Никогда не питал я к людям злобы, скорее наоборот, но я всегда боялся их, с первых дней моей жизни. Настолько был я прежде общителен, что мог водить компанию с кем угодно, и когда-то считал одиночество наказанием, – впрочем, может, так оно и есть. У друзей, которым доводилось сидеть в тюрьме, я спрашивал: в чем, в сущности, состоит наказание, и все отвечали мне: «В одиночестве». Конечно, на этот раз я сам избрал для себя одиночество, но с безмолвной оговоркой, что буду, когда мне захочется, навещать знакомых. Почему же я не делаю этого? Не могу, потому что чувствую себя чем-то вроде нищего попрошайки, когда поднимаюсь к кому-нибудь по лестнице, но при виде висячего звонка всякий раз поворачиваю назад. А затем, возвратившись домой, радуюсь, что повернул назад, особенно когда начну мысленно перебирать все, что, по всей вероятности, мне довелось бы услышать, переступи я порог чужой квартиры.

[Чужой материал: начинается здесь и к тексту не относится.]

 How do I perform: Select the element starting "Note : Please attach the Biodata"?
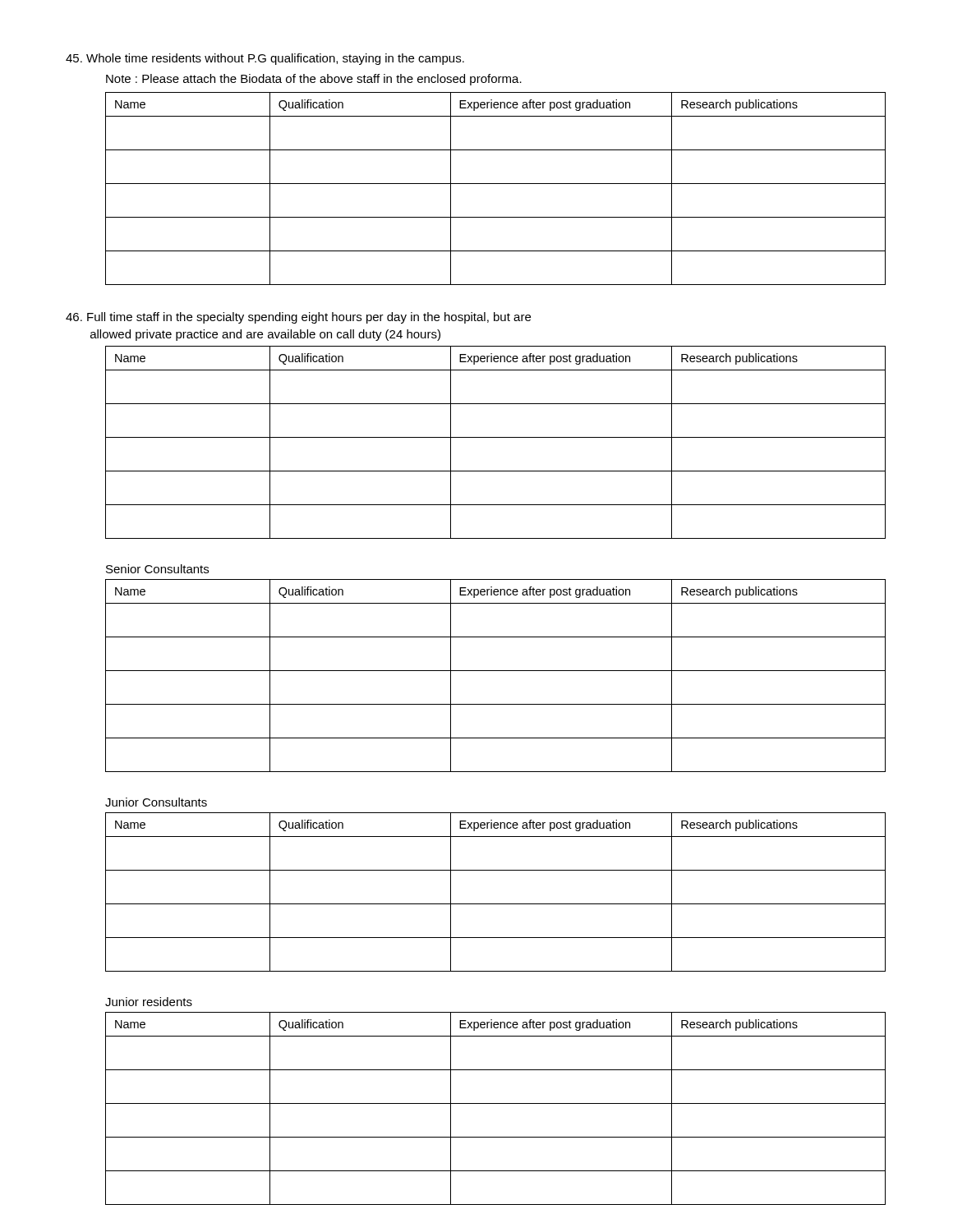(314, 78)

Поскольку мысли мои не совпадают с мыслями других людей, меня больно ранит чуть ли не любое их слово, и самое невинное замечание я способен воспринять как насмешку.

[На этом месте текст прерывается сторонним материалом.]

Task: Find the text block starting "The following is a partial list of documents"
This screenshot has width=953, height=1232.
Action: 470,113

Наверно, судьба осудила меня на одиночество, и оно мне на пользу; хочется верить этому, иначе жребий мой был бы уж слишком жестоким. Но в уединении мозг порой насыщается столь обильно, что кажется, вот-вот голова лопнет, а потому необходимо следить за собой. Я всегда стараюсь уравновесить отдачу с тем, что вбираю в себя: ежедневно давать выход мыслям в писательстве, но и ежедневно впитывать новое через книги. Если весь день я пишу, то под вечер уже подступает отчаяние, вакуум, пустота: мне кажется, будто мне больше нечего сказать людям, будто я иссяк. Но если я весь день читаю, тогда мысли так переполняют меня, что кажется, я вот-вот взорвусь.
5
Алкивиад (ок. 450 – ок. 404 гг. до н. э.) – один из известнейших афинских государственных деятелей и полководцев. Был обвинен в разрушении герм (статуй Гермеса).